Still, we have two young dogs here who need to get out some and stretch their legs, or we all go a bit crazy. We'd heard that Petco was having a dental health event sponsored by Greenies, so we decided to take Bunny and Morgan over and give Lilac and Blueberry some time to relax at home. Of course, Blueberry did not think that she needed to relax at home, but we left her home anyway. Her recovery has gone very well, but we are still pushing her to rest, even though she thinks she's good to go on all adventures.
Alas, I digress. We piled Morgan and Bunny into the van and set off for Petco. I'm not a huge fan of Petco because their prices are always higher, but we figured it was worth it, and at the very least we'd get Greenies coupons. I was hoping it would have more information and learn about some new dental care practices, but the event wasn't like that at all. At least, the one in our store wasn't. We got a coupon and an offer from the sales representative to look at the girls' teeth. I figured my vet sees them often enough that we don't have to worry about the teeth being looked at. I walked around to the Greenies shelf and wouldn't you know it, even with the coupon their Greenies were more expensive than what I'd pay for them at our regular store, so I passed.
Mr. Taleteller didn't want to walk out empty-handed, so he stopped to look at the various chewing items available. Morgan and Bunny both liked the cow hooves, so he picked four out. Actually, he picked three out and Bunny picked one out by herself. It was a moment I wished I had the camera for as she carried the hoof in her mouth as she wore her pink coat up to the cash register. I'm admittedly biased, but she was adorable. Mr. Taleteller put it on the counter for her and paid for all four. A salesgirl asked if they could have treats and fed them both some little pretzels that they scarfed right up. Then Bunny turned back to the man for her hoof. He put it in the bag and handed it to my husband. I think I saw a little puff of smoke come out of her nose as she gave the man a serious glare of stink eye. We're lucky she doesn't have laser beams.
So, we leave the store and return to the van. Mr. Taleteller gets Morgan all set in her crate and then it's Bunny's turn to get in. She hops up, turns around, grabs the bag of hooves and starts to make for the back seat. Mr. Taleteller intercepts her and gives her one hoof and puts one in Morgan's crate. Bunny was happy with the arrangement and went to the back seat to enjoy her hoof. Both of the girls were quite content and chewing away.

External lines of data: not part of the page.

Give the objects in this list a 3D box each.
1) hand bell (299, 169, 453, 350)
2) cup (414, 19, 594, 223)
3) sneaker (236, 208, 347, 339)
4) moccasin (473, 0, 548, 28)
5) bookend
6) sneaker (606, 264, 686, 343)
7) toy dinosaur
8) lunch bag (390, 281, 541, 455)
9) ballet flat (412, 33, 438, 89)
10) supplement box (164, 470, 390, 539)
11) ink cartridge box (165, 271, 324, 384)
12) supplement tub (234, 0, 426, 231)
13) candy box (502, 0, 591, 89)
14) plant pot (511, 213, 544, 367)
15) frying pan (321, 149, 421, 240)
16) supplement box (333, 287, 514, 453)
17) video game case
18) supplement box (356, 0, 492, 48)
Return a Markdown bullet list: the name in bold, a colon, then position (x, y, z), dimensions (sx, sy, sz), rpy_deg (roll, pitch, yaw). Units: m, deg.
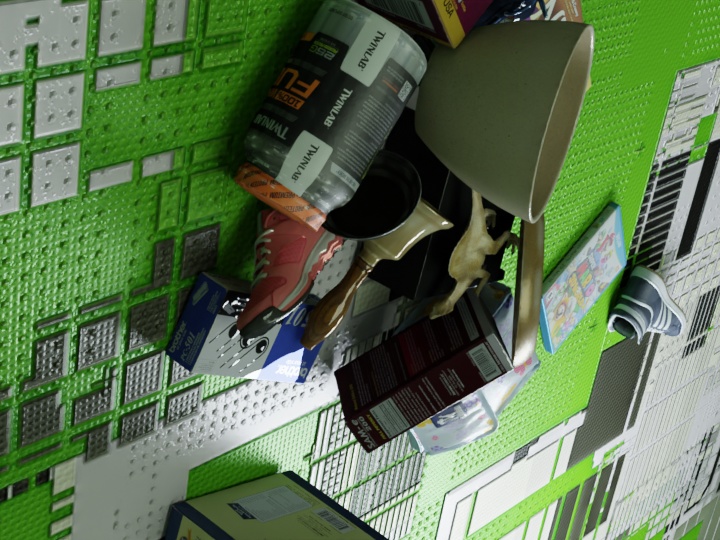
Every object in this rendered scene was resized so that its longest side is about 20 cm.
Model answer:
- **hand bell**: position (0.000, 0.000, 1.429), dimensions (0.201, 0.104, 0.104), rpy_deg (-54, 148, 6)
- **cup**: position (0.137, -0.165, 1.347), dimensions (0.200, 0.142, 0.203), rpy_deg (19, 90, -75)
- **sneaker**: position (-0.082, -0.014, 1.354), dimensions (0.074, 0.087, 0.201), rpy_deg (-38, -167, 51)
- **moccasin**: position (0.160, -0.295, 1.397), dimensions (0.068, 0.199, 0.081), rpy_deg (41, 61, -22)
- **bookend**: position (0.107, -0.085, 1.565), dimensions (0.198, 0.091, 0.203), rpy_deg (-12, 122, -52)
- **sneaker**: position (0.468, 0.083, 2.205), dimensions (0.109, 0.070, 0.200), rpy_deg (-58, 141, -14)
- **toy dinosaur**: position (0.130, -0.033, 1.492), dimensions (0.101, 0.058, 0.203), rpy_deg (-16, 124, -49)
- **lunch bag**: position (0.122, 0.126, 1.713), dimensions (0.200, 0.127, 0.170), rpy_deg (-46, 138, -17)
- **ballet flat**: position (0.098, -0.220, 1.485), dimensions (0.199, 0.073, 0.074), rpy_deg (-1, 115, -60)
- **supplement box**: position (-0.093, 0.346, 1.508), dimensions (0.199, 0.199, 0.136), rpy_deg (-8, 119, -50)
- **ink cartridge box**: position (-0.111, 0.063, 1.417), dimensions (0.199, 0.044, 0.095), rpy_deg (14, 104, -57)
- **supplement tub**: position (-0.032, -0.148, 1.297), dimensions (0.202, 0.122, 0.122), rpy_deg (-60, 147, -4)
- **candy box**: position (0.215, -0.266, 1.613), dimensions (0.117, 0.056, 0.201), rpy_deg (-46, 145, -21)
- **plant pot**: position (0.196, 0.013, 1.568), dimensions (0.200, 0.027, 0.203), rpy_deg (5, 90, -84)
- **frying pan**: position (-0.008, -0.100, 1.369), dimensions (0.114, 0.191, 0.031), rpy_deg (-22, 142, -6)
- **supplement box**: position (0.071, 0.116, 1.564), dimensions (0.198, 0.109, 0.061), rpy_deg (-30, 119, 8)
- **video game case**: position (0.332, 0.012, 2.015), dimensions (0.200, 0.018, 0.144), rpy_deg (-48, 144, -21)
- **supplement box**: position (0.088, -0.338, 1.314), dimensions (0.201, 0.130, 0.103), rpy_deg (-53, 145, -14)

We stopped by an agility competition that my husband wanted to see and went inside to watch it for a bit, leaving the girls with their hooves. After a short bit of watching, we returned and Mr. Taleteller decided that we ought to go by the dog bakery. When we stopped, he collected both hooves and put them in his seat, not wanting the girls to overindulge, and wanting them to have some left by the time we got home so Blueberry and Lilac could enjoy theirs in peace.
Of course, Bunny had other plans. We got back in the van and Mr. Taleteller headed into the Rocky Mountain Chocolate Factory to get us an apple to split for later. While he was in there, Bunny sniffed around, found her hoof hidden under his bag on the seat and retired back to the back seat to enjoy it. He got back in the van and I told him about it, and we had a good snicker about how obsessed she was with that hoof.
I have mentioned before that we live in a very small town. When we go to town, it's a trek over the river and through the woods in a literal sense. It takes us about forty five minutes to drive over, which is not a big deal to us. As we headed over the bridge out of town, we began to notice something. There is a rather unpleasant aroma that accompanies the overindulgence of cow hooves. There are dog farts, and there are lethal cow hoof-scented bombs that could rival the fallout of Hiroshima. My eyes began to water and I asked my husband what he'd eaten.
Mr. Taleteller: Me?! That did not come out of my butt!
Me: Yeah, sure!
Mr. Taleteller: I swear to God, that was the dog! You know I'd claim it if I did something! You know how proud of those I am!
Me: You might just not admit it because this one is so foul! For the love of Pete, roll down a window! I'm dying!
Mr. Taleteller: I did NOT do that! It was your dog! That smells like cow hoof!
Me: My dog? How do you know it's not your dog?
Mr. Taleteller: She hasn't eaten as much as Bunny!
Me: I think I'm going to be sick!
Needless to say, it was a long car ride home. Once we arrived, she had all intentions of carrying it into the house on her own. Mr. Taleteller intercepted it and told her she needed to take a break. She wasn't the only one!
Later, they all enjoyed the hooves for a while, and then we put them up before any ill winds could develop and blow through. We learned our lesson. Too much of a good thing isn't good for the rest of us. I find myself relieved that I'm going to be getting some fresh air at work this morning!